How to Make Well-Informed Decisions About Your Screening Options

According to a 2020 Professional Background Screening Association (PBSA) survey, 94 percent of employers use one or more types of employment background screening. However, given the many products and services available, having a deep understanding of which ones to use may not always be apparent. As a result, it’s necessary to rely on trusted partners and available resources to help you decide what makes the most sense for your organization. 

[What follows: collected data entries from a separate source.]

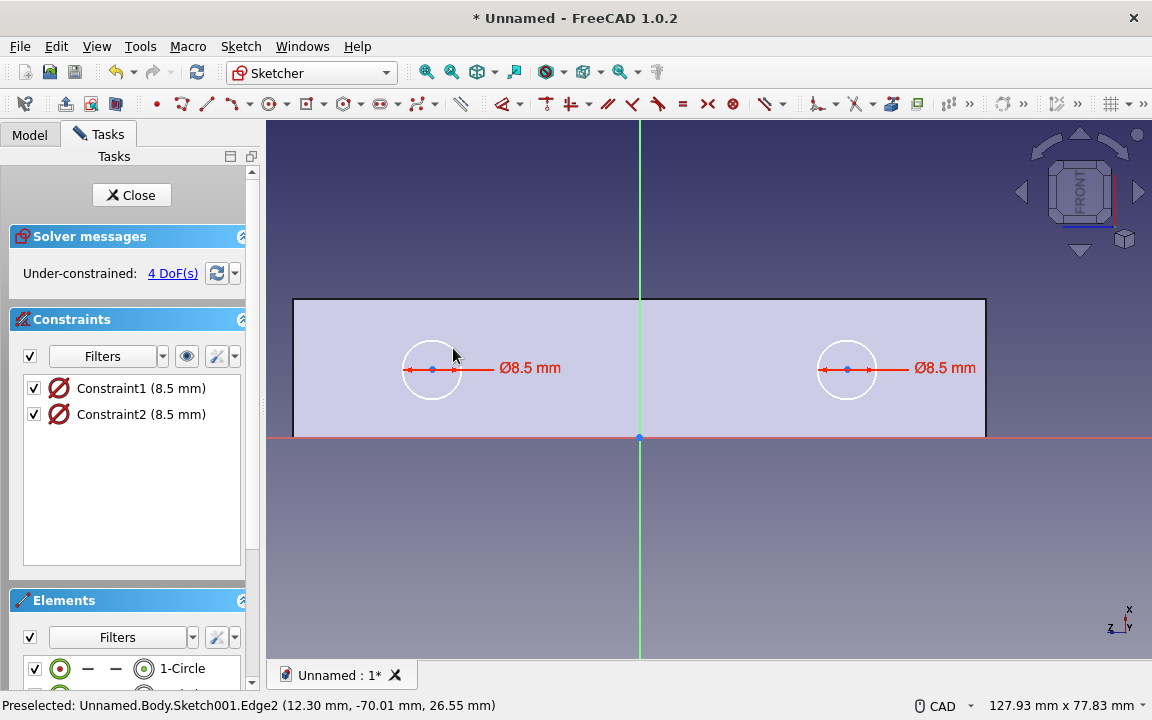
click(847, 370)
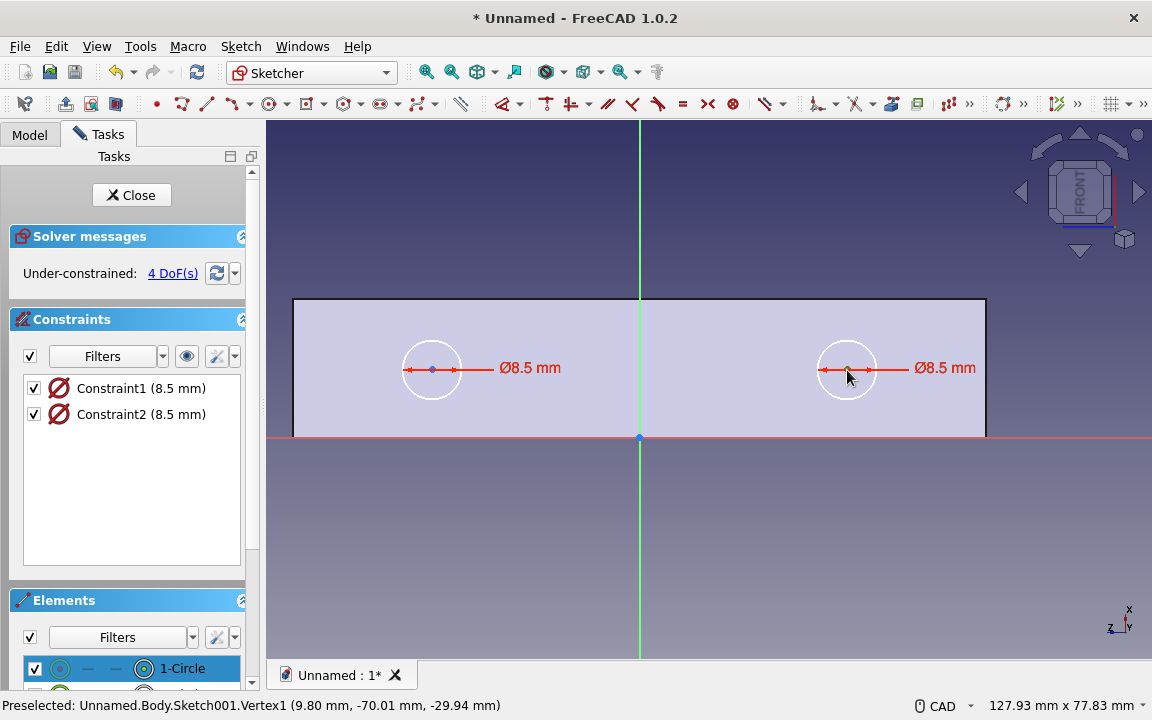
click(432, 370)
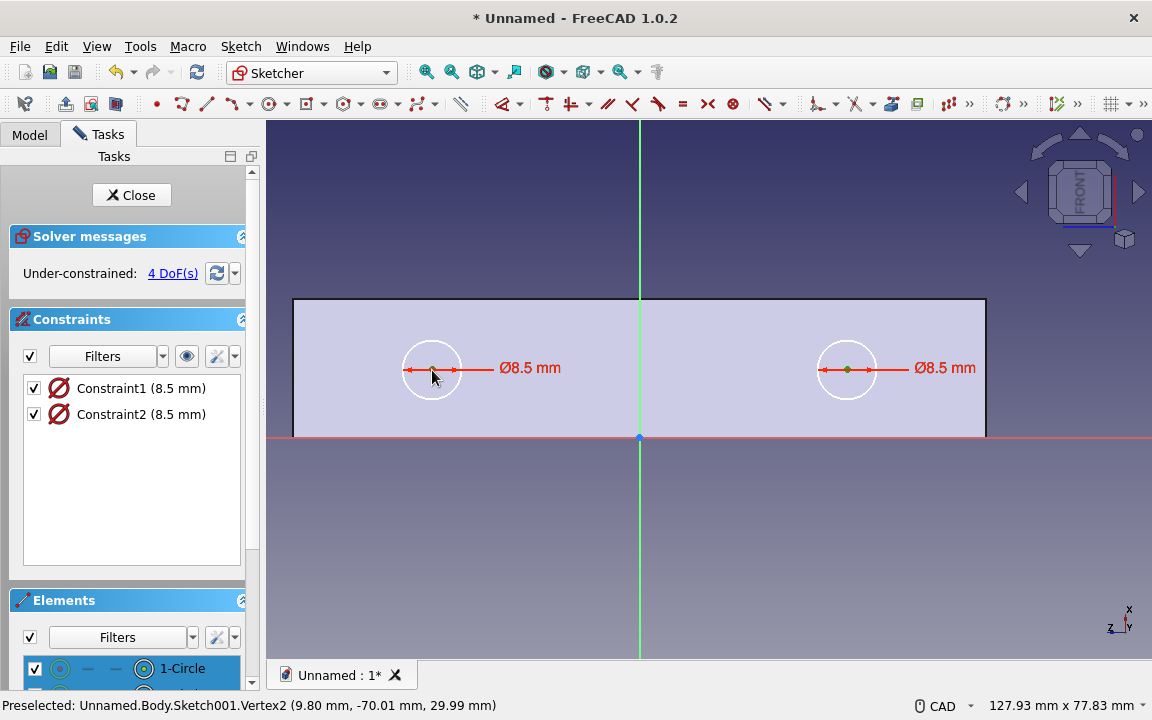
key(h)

Take the following steps to help you make well-informed decisions about your background check program:

Work with an Experienced Background Screening Provider

A background screening company’s responsibilities involve more than running background checks and providing you with the results. A great background screening company offers advice and insights to help you determine which screening services can manage hiring risks most cost-effectively. A committed provider will also offer guidance in deciding which names and counties to include in your background screening program.

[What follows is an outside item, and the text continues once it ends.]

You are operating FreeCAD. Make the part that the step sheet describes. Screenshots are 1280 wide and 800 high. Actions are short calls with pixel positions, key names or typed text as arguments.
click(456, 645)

Conduct Regular Reviews of Your Hiring and Screening Process

New advancements in screening technology and screening product enhancements are happening all the time. To keep your screening program current, conduct regular reviews of your program and take advantage of opportunities to improve its efficiency and compliance. A reputable screening provider will work with you to conduct audits and provide quarterly reviews of your screening program as a part of your suite of services.

Determine the Search Types Applicable to Each Job Category

It’s essential to be thorough and include a broad range of names and counties in each background check, but you can have variations from one job category to another. For example, some positions may be considered higher risk and may require more counties, as well as additional state and federal criminal record searches.

Build a Compliant and Cost-Conscious Screening Program

By working with a trusted screening partner and understanding the reasons behind including all relevant names and counties in a background check, you’ll be able to make more well-informed decisions about the products and services in your screening program. 

The compliance, efficiency, and cost of your background screening activities need not be mutually exclusive. Your screening program can comply with applicable legal requirements and also conform to your budget and automation needs. With the help of available tools and guidance from your provider, you can approach criminal history searches and other aspects of background screening with greater confidence and understanding.